The gutters leaked and the old house cried. The gnarled branches of the silver maples joined hands over the sagging roof, protecting it from the wind. It was a house well-lived and much loved and held promise.
It was demolished.
The newcomers arrive with their good intentions and money. A lot of money. How else can they buy a Dutch colonial from the ’20s or a Victorian with a brick foundation from 1890, or one of the first farmhouses in this town from the middle of the 19th century, and with merely a cursory glance at the interior, sign on the dotted line as the buyers. But after only a few hours consideration, they decide it isn’t exactly what they wanted (perhaps those Dutch doors didn’t lend themselves to marble and granite foyers), so instead of renovating, they tear it down. It doesn’t stop there. The two hundred year old oak has to go too, since the Bobcat couldn’t maneuver around it, and besides, it doesn’t mesh with their imported flowers and shrubs. Their landscaper says so.
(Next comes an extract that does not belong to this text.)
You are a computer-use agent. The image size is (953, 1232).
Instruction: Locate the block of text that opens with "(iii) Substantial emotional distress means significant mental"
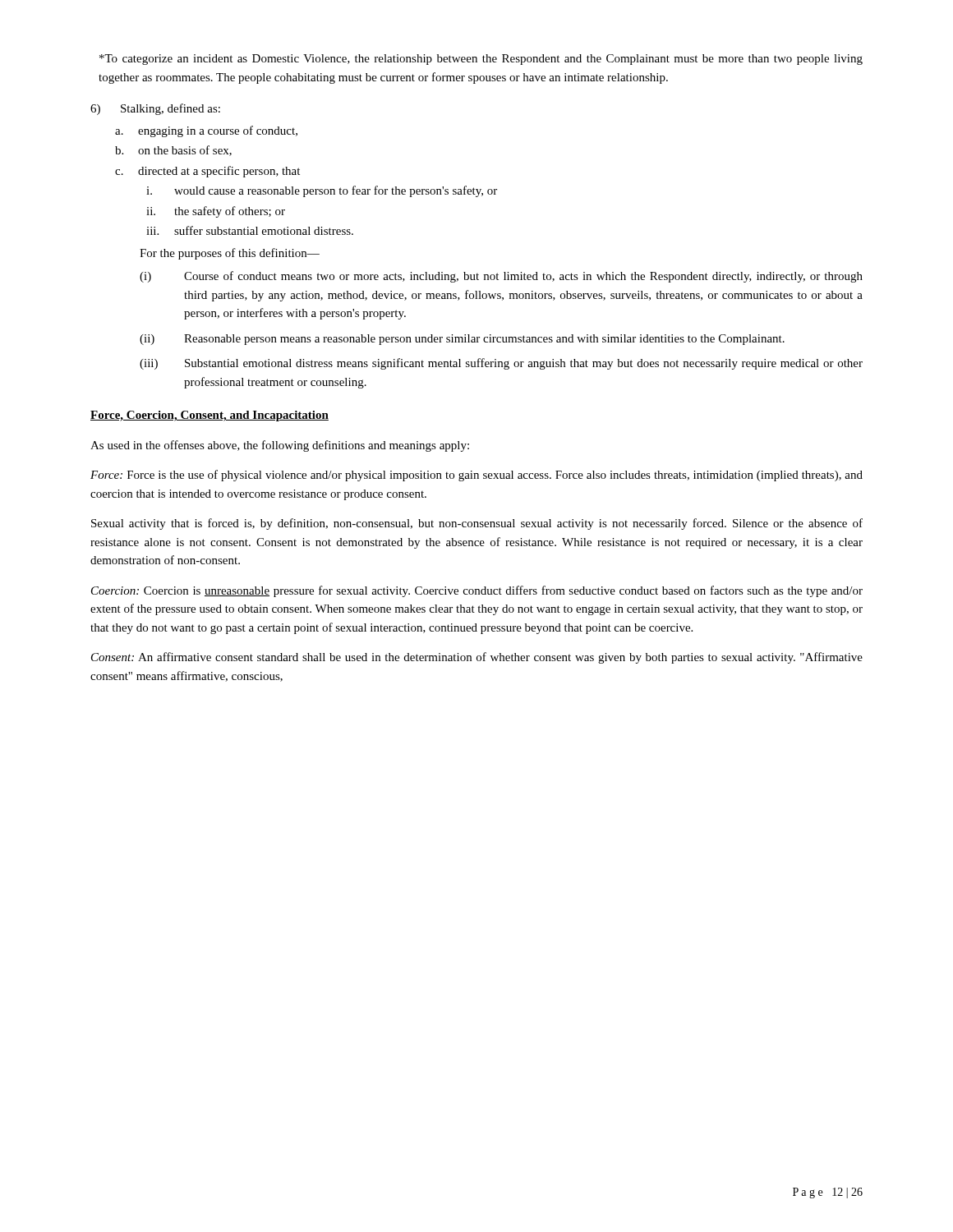tap(501, 372)

A neighbor, who has lived in the town for over half-century, tries to explain the importance of preserving history. The newcomers decide right then and there to pledge a substantial donation to the historical society, perhaps to assuage any guilt. But it’s doubtful there is any.
They build their homes “in keeping with the aesthetics of the area” with dormers and gables and large porches. The interiors, though, are made for entertaining: six burner stoves with designer tile backsplashes, state of the art appliances, and custom cabinetry. And while they’re away at their other homes or traveling the world, they monitor the houses and keep them looking lived in, all wirelessly. The lights are on but they’re not home. Their busy lives make the houses a touchstone for when they need a day or two to return to an easier lifestyle. Or throw a big bash.
Within a few years, For Sale signs dot the perfectly manicured and chemically doused front lawns. There are other houses that call to them. Or the one they built just doesn’t cut it for their present day lifestyle. And once again, immediately after signing on the dotted line, the bulldozers clawing into another once-grand Victorian. They say, after much introspection (and no inspection), it was “too dated.”
And as the song by Queen goes, “Another one bites the dust.”